Edwin Swale died in 1978, and is buried alongside his wife and parents in the Spital Cemetery, Chesterfield.

==Personal life==
His older brother Arthur Duncan Swale was killed in action on 5 October 1918 while serving in the 6th Battalion (attached 11th Battalion), Sherwood Foresters (Nottinghamshire and Derbyshire Regiment), and is buried in the Communal Cemetery Extension in Doingt, Somme, France.

Swale married Dorothy Asquith in 1921. Their son Duncan Swale also served in the Royal Air Force Volunteer Reserve during the Second World War, being commissioned from leading aircraftsman to pilot officer on 3 July 1942. He served in No. 107 Squadron, and was awarded the British Distinguished Flying Cross in December 1944 and the American Distinguished Flying Cross in June 1945, ending the war with the rank of flight lieutenant.

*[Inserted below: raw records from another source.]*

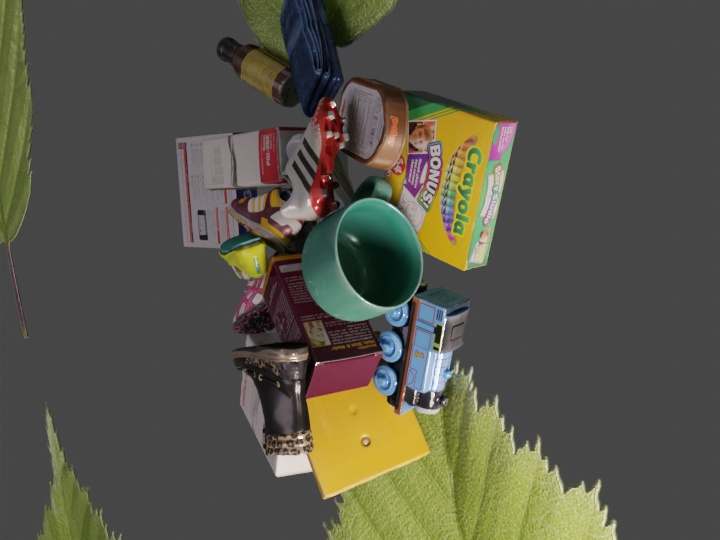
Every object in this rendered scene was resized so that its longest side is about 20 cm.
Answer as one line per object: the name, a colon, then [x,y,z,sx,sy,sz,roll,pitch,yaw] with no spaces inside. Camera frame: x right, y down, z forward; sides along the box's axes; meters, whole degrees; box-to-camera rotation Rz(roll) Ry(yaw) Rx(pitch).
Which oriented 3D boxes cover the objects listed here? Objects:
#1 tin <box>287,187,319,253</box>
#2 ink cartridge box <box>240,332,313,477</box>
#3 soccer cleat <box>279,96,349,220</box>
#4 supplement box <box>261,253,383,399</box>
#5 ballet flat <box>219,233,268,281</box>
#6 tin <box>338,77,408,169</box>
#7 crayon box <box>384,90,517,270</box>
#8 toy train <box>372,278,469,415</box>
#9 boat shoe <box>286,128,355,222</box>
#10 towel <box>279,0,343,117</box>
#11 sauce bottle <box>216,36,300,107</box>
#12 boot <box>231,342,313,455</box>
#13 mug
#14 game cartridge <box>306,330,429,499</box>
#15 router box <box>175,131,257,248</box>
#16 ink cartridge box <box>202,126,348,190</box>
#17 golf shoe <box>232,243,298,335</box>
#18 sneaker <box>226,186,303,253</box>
tin: [-0.086,-0.039,1.502,0.111,0.041,0.204,-25,78,41]
ink cartridge box: [-0.127,0.212,1.505,0.200,0.083,0.147,-132,45,-53]
soccer cleat: [-0.067,-0.156,1.270,0.084,0.069,0.203,-10,57,23]
supplement box: [-0.060,0.075,1.353,0.202,0.108,0.086,64,148,34]
ballet flat: [-0.182,-0.018,1.455,0.200,0.066,0.068,-168,57,-74]
tin: [0.013,-0.212,1.304,0.200,0.041,0.114,-139,61,-63]
crayon box: [0.113,-0.126,1.260,0.171,0.058,0.204,27,116,41]
toy train: [0.086,0.114,1.315,0.113,0.086,0.204,22,112,35]
boat shoe: [-0.036,-0.120,1.360,0.071,0.062,0.202,-8,117,45]
towel: [-0.082,-0.343,1.401,0.112,0.048,0.203,128,133,-55]
sauce bottle: [-0.167,-0.334,1.519,0.199,0.064,0.066,39,123,38]
boot: [-0.125,0.181,1.312,0.199,0.072,0.154,-11,85,57]
mug: [0.002,-0.019,1.268,0.153,0.185,0.114,52,141,-11]
game cartridge: [-0.012,0.212,1.376,0.033,0.173,0.203,110,139,-68]
router box: [-0.258,-0.142,1.655,0.178,0.048,0.204,5,100,46]
ink cartridge box: [-0.137,-0.175,1.452,0.198,0.145,0.085,0,95,45]
golf shoe: [-0.152,0.034,1.519,0.200,0.072,0.093,-45,45,39]
sneaker: [-0.145,-0.094,1.489,0.091,0.075,0.199,-52,36,-4]
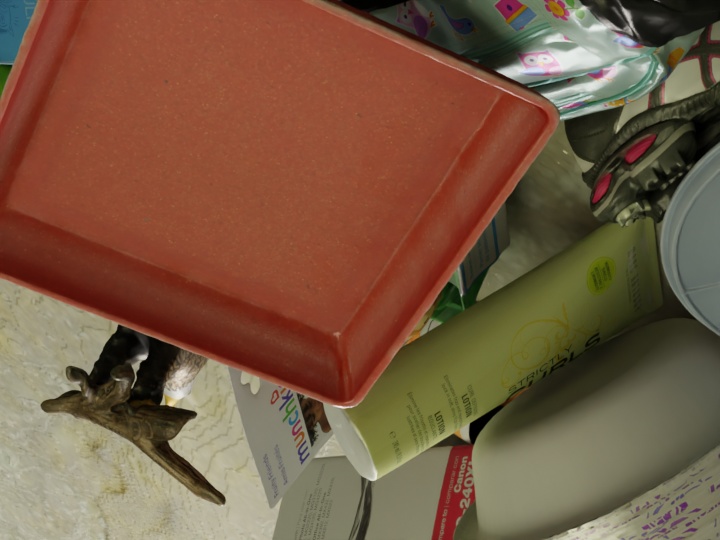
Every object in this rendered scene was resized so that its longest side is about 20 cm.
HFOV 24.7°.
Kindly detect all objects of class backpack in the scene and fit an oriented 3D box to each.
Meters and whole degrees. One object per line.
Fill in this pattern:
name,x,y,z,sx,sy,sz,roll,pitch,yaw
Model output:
backpack,0.076,-0.136,0.678,0.127,0.167,0.199,45,151,-19

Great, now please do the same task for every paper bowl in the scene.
paper bowl,0.138,0.099,0.843,0.200,0.200,0.105,-27,95,52

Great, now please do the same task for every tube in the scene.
tube,0.076,0.037,0.846,0.052,0.199,0.058,59,163,6

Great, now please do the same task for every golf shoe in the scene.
golf shoe,0.158,-0.102,0.704,0.200,0.077,0.089,-41,64,37

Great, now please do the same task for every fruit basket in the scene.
fruit basket,0.000,0.000,0.851,0.093,0.200,0.186,16,139,27

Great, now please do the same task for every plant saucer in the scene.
plant saucer,-0.050,-0.045,0.676,0.199,0.037,0.200,21,132,-14

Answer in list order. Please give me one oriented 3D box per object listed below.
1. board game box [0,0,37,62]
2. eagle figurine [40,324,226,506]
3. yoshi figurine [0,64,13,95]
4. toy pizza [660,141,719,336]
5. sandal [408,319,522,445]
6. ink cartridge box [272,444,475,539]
board game box,-0.214,-0.210,0.856,0.152,0.040,0.202,2,110,25
eagle figurine,-0.096,0.027,0.973,0.152,0.200,0.151,51,142,-12
yoshi figurine,-0.141,-0.053,0.865,0.198,0.112,0.113,17,116,20
toy pizza,0.233,-0.021,0.728,0.198,0.032,0.201,4,142,3
sandal,0.086,0.074,0.980,0.205,0.059,0.080,17,140,27
ink cartridge box,0.059,0.174,1.053,0.145,0.084,0.199,28,155,-37
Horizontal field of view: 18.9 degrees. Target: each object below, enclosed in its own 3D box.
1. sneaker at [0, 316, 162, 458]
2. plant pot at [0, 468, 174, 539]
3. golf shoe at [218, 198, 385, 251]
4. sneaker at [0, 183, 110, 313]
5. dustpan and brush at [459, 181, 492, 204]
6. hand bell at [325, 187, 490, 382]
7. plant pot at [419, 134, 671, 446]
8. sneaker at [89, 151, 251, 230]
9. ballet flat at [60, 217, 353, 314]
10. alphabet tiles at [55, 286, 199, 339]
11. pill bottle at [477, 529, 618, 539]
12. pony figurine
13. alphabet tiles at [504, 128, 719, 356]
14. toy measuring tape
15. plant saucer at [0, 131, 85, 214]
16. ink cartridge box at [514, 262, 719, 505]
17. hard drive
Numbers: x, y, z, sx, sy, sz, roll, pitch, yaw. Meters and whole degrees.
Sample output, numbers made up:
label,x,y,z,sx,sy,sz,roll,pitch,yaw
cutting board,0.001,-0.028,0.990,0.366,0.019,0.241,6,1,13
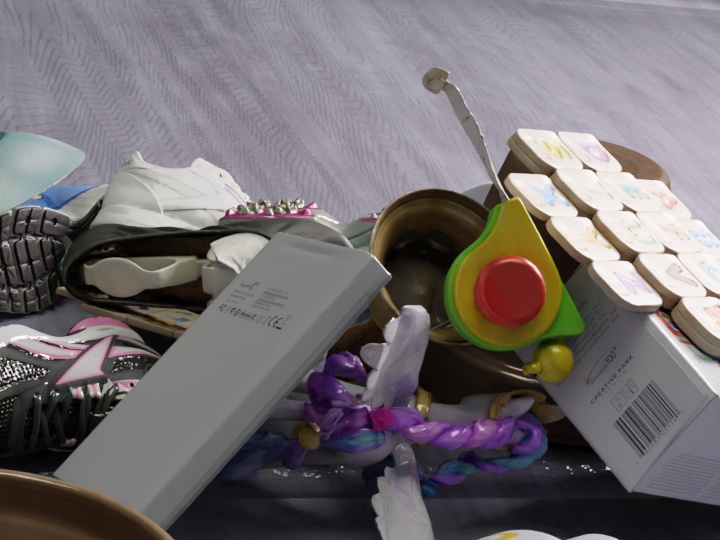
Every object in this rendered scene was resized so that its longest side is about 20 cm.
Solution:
label,x,y,z,sx,sy,sz,roll,pitch,yaw
sneaker,-0.173,0.077,1.317,0.086,0.081,0.200,22,25,26
plant pot,-0.181,0.178,1.024,0.200,0.093,0.201,8,20,-3
golf shoe,0.000,0.000,1.480,0.199,0.092,0.075,4,6,17
sneaker,-0.244,-0.019,1.564,0.089,0.079,0.200,5,13,29
dustpan and brush,0.037,-0.020,1.669,0.057,0.139,0.200,51,-12,1
hand bell,0.016,0.033,1.412,0.104,0.105,0.200,9,-25,-20
plant pot,0.143,0.004,1.521,0.199,0.175,0.200,8,22,-3
sneaker,-0.090,-0.033,1.569,0.199,0.075,0.100,17,57,-6
ballet flat,-0.104,0.005,1.400,0.199,0.068,0.068,-2,12,19
alphabet tiles,-0.110,0.032,1.497,0.166,0.006,0.200,16,7,15
pill bottle,0.061,0.192,1.074,0.200,0.112,0.112,-11,29,-44
pony figurine,0.006,0.093,1.291,0.199,0.167,0.193,2,8,21
alphabet tiles,0.179,-0.021,1.358,0.195,0.015,0.200,1,41,-53
toy measuring tape,0.066,-0.020,1.290,0.073,0.200,0.074,-28,-1,0
plant saucer,-0.294,-0.059,1.536,0.200,0.039,0.201,-20,15,6
ink cartridge box,0.198,0.061,1.377,0.200,0.084,0.176,15,30,-49
hard drive,-0.081,0.062,1.241,0.026,0.200,0.132,48,-15,-23
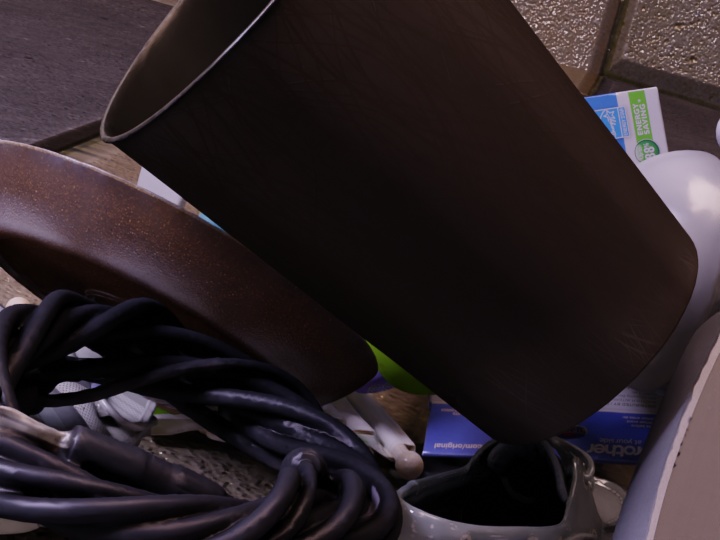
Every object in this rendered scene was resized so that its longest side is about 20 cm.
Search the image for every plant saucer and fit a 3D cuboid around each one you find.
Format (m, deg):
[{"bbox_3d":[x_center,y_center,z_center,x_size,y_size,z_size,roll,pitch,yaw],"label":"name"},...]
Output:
[{"bbox_3d":[-0.087,0.011,0.735,0.199,0.032,0.200,24,-15,7],"label":"plant saucer"}]

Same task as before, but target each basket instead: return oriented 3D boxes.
[{"bbox_3d":[0.024,-0.041,0.650,0.200,0.136,0.181,44,36,-19],"label":"basket"}]

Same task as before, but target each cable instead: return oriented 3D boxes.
[{"bbox_3d":[-0.059,0.053,0.586,0.162,0.051,0.199,23,8,34],"label":"cable"}]

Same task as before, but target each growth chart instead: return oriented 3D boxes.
[{"bbox_3d":[-0.074,0.056,0.828,0.198,0.018,0.145,12,15,-14],"label":"growth chart"}]

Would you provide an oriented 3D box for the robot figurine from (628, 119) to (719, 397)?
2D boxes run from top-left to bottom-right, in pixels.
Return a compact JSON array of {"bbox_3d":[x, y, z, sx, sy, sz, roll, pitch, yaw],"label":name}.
[{"bbox_3d":[0.183,0.012,0.794,0.198,0.171,0.113,15,-13,-10],"label":"robot figurine"}]

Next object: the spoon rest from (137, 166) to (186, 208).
[{"bbox_3d":[-0.065,-0.013,1.050,0.099,0.061,0.199,28,6,38],"label":"spoon rest"}]

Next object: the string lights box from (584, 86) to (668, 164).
[{"bbox_3d":[0.085,-0.041,1.032,0.198,0.104,0.059,-9,-9,-2],"label":"string lights box"}]

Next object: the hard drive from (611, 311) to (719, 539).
[{"bbox_3d":[0.160,0.104,0.622,0.134,0.043,0.201,18,52,11],"label":"hard drive"}]

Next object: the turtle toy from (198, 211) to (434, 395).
[{"bbox_3d":[0.000,0.000,0.807,0.199,0.146,0.101,14,52,45],"label":"turtle toy"}]

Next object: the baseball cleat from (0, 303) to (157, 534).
[{"bbox_3d":[-0.147,0.049,0.703,0.106,0.070,0.200,13,23,-34],"label":"baseball cleat"}]

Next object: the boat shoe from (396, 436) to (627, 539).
[{"bbox_3d":[0.067,0.102,0.688,0.070,0.072,0.200,23,16,29],"label":"boat shoe"}]

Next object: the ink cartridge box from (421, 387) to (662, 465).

Like his father he remained on the RAFVR post-war, serving until at least November 1954.

Their daughter Margaret Swale, also developed in interest in flying, being a member of the Derbyshire and Lancashire Gliding Club alongside her father. She was part of his team in the 1949 National Gliding Contest, and that year also took a leading part in the short film Wings For Pauline, shot at Great Hucklow.